Often these students choose to enroll in universities in the U.S. for a quality education or to be able to pursue the major and career path of their choice.

For almost all young people, this is the first time that they are away from home, responsible for themselves, without adult supervision and an abundance of unstructured time. Part of college culture involves spending time at parties and bars, recreational drug use and engaging in other risky behaviors (e.g., binge drinking, hooking up).

Alcohol consumption exposes students to risks. COD Newsroom, CC BY

Alcohol consumption becomes a major feature of such activities. Data indicate that about 65 percent of college students consume alcohol in a given month, and less than half of college students engage in binge drinking.

Research shows that such behaviors increase the likelihood of being a crime victim.

Drinking alcohol can increase the chances of being a crime victim because alcohol use impairs judgment and perception, decreases the ability to recognize and react to risk, impairs decision-making and delays reaction time.

Are all college students at risk?

Research shows about a third of college students could be victims of a crime during a given year. However, the risks could be different for different ethnic and racial groups on campus.

For example, there could be a higher risk for some groups such as non-Hispanic white men. This group faces the highest risk – most likely a result of participation in the party culture. White, male college students drink alcohol at greater levels and engage in more risky drinking than do female or African-American college students.

But there is a small percentage of international students who come to American campuses as well. In 2015, there were 1.13 million international college students enrolled in the U.S., with the largest percentage coming from China.

What is the risk international students face of being a victim?

International students face lower risks of assault. IFES – International Fellowship of Evangelical Students Follow, CC BY-NC

Our research explored this possibility, given that international students may have unique experiences before and while attending college in the U.S.

Our study used data from the Fall 2012 American College Health Association’s National College Health Assessment II. This study is a national survey of college students that is done in the fall and spring. Our study sample included 26,012 students, 8.6 percent of whom were international students.

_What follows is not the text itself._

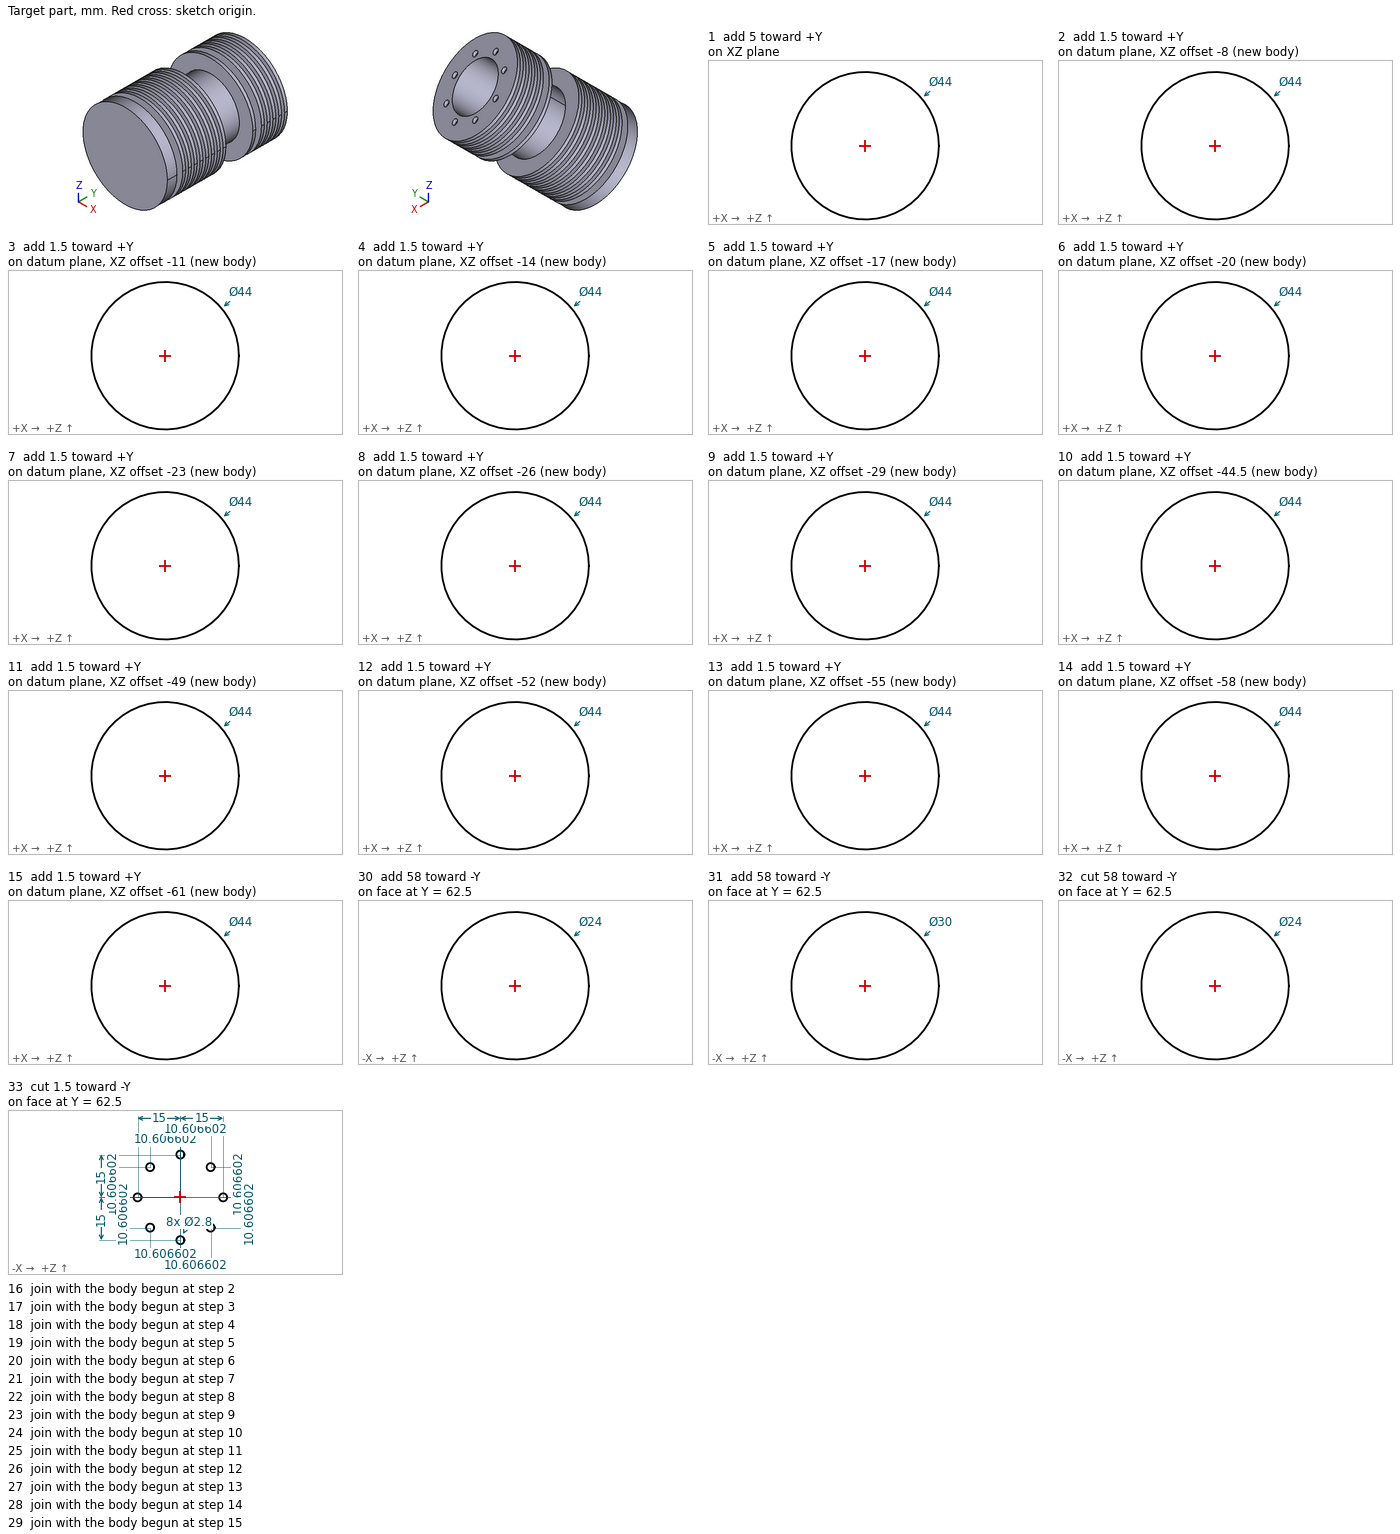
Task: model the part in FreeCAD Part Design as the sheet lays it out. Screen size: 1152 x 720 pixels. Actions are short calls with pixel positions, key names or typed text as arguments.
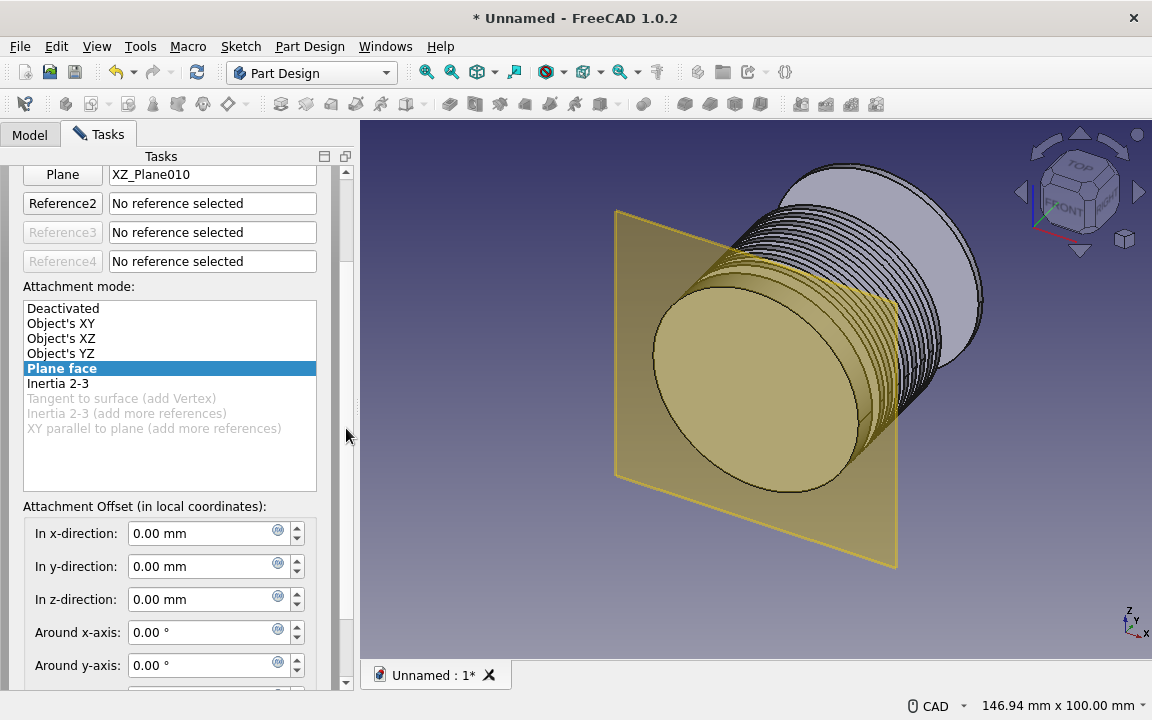
triple_click(210, 600)

We found that overall, when asked about their experiences from the previous 12 months, international students were less likely to be “violently victimized” – that is, physically assaulted and/or verbally threatened – compared to domestic students. A physical assault might include being hit, punched, kicked, bitten or even shot, while a verbal threat might be experienced when a person is told that he or she is going to get beaten up or is going to be shot.

Nineteen percent of domestic students in our study indicated that they had been physically assaulted or verbally threatened, compared to 17 percent of international students.

Female international students are safer?

Subsequently, we looked at differences in risk for male and female international college students. We found that male international students were less likely to be victims of a crime, and so were international female students.

Our study found 22 percent of male international students had been assaulted or threatened, compared with 26 percent of male domestic students. Fourteen percent of female international students had been assaulted or threatened, while 16 percent of female domestic students faced these experiences.

These differences may seem small, and in magnitude, they are. But, we used a large sample of over 26,000 students, which leads us to feel confident that our findings are unlikely to be a result of a problem with our sample. Also, when you consider how many students attend college, a two percent difference (such as what we found between female international students and female domestic students in their risk) could be tens or hundreds of thousands of students.

In an additional set of analyses, we included other factors that previous research has shown to be related to risk on campus, such as alcohol consumption and being a first-year college student. We found that female international students faced fewer risks than did female domestic students. In fact, female international students’ odds of being harmed were 14 percent lower than female domestic students.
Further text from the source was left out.